Some Forgotten Notes From Last Week

I forgot to include some items from the wife's individual therapy that took place on Wednesday of last week.

She told me that she thought the therapist was going in the wrong direction with the counseling. I asked her what made her think that, and she replied by saying that she wasn't sure because her memory wasn't that great.

She did say that they discussed the sensitivity to odors. I've posted previously that she complained about my breath and that she had troubles performing oral sex because of the smells, even after thorough washing with soap and water.

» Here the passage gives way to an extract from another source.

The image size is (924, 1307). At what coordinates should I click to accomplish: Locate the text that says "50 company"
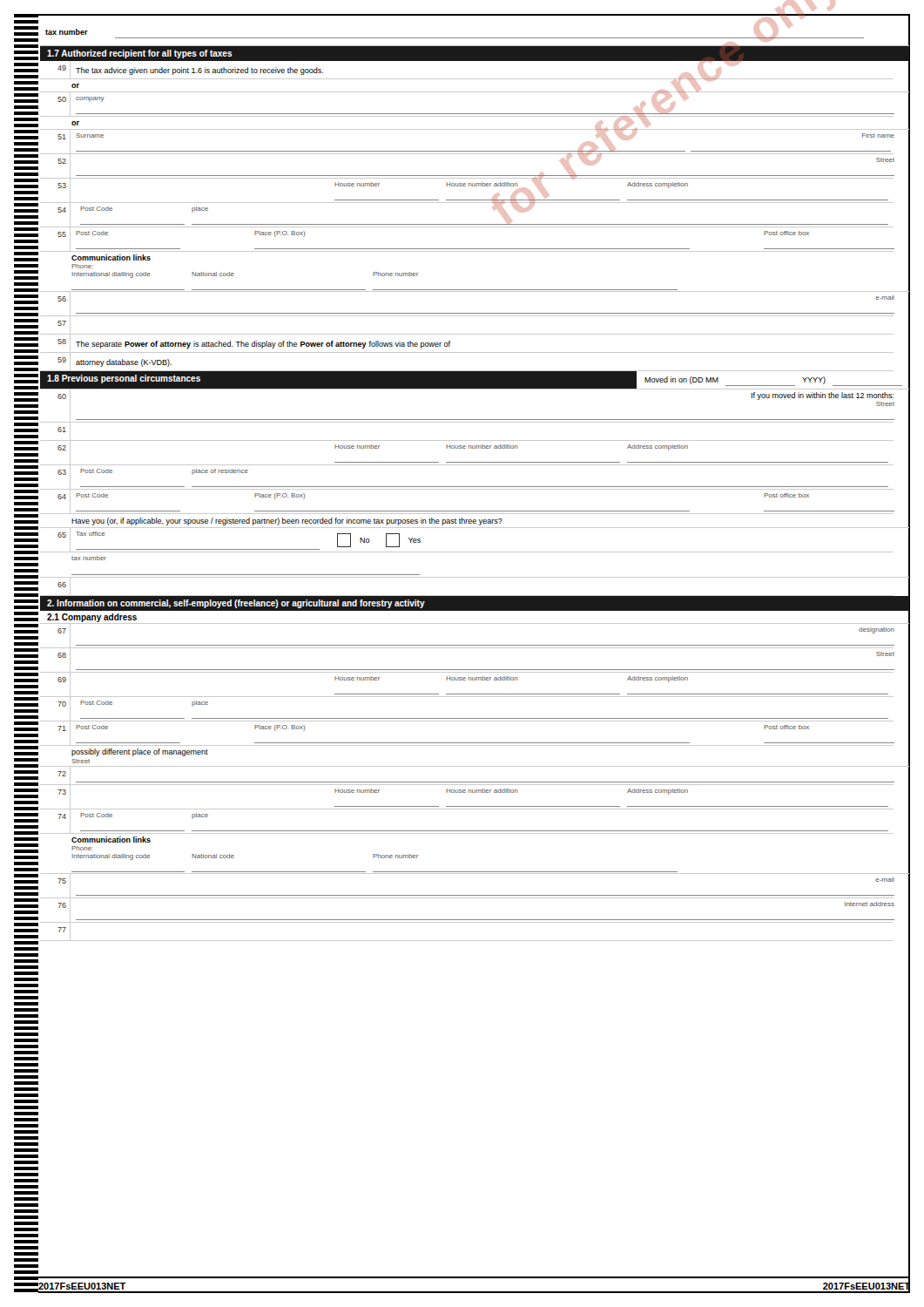click(467, 104)

She also said that she has hangups about her own body's smells because she worries that she will wind up smelling like her mother. I don't have the same degree of olfactory awareness that she does, so I don't exactly know what she's talking about when it comes to her mother, but I'll assume it's not pleasant.

The therapist said that she thought the sensitivity is not something recent but has been with my wife for a long time. She probably didn't develop the awareness of it until she started being sexual with me. I was her first.

The therapist also wondered if there may be problems with hormones, and has suggested that my wife have a test done. My wife said she would ask about this at her yearly appointment with the OB/GYN.

Yesterday evening, I asked my wife when her next individual appointment is. She said it is on Thursday, but she will need to cancel that appointment and reschedule. She didn't know when the next time would be since the practice she visits is open only Tuesday - Thursday.

Monday, August 28, 2006

Still Out There

Blogging has been light of late because of a dearth of major events on the marriage front.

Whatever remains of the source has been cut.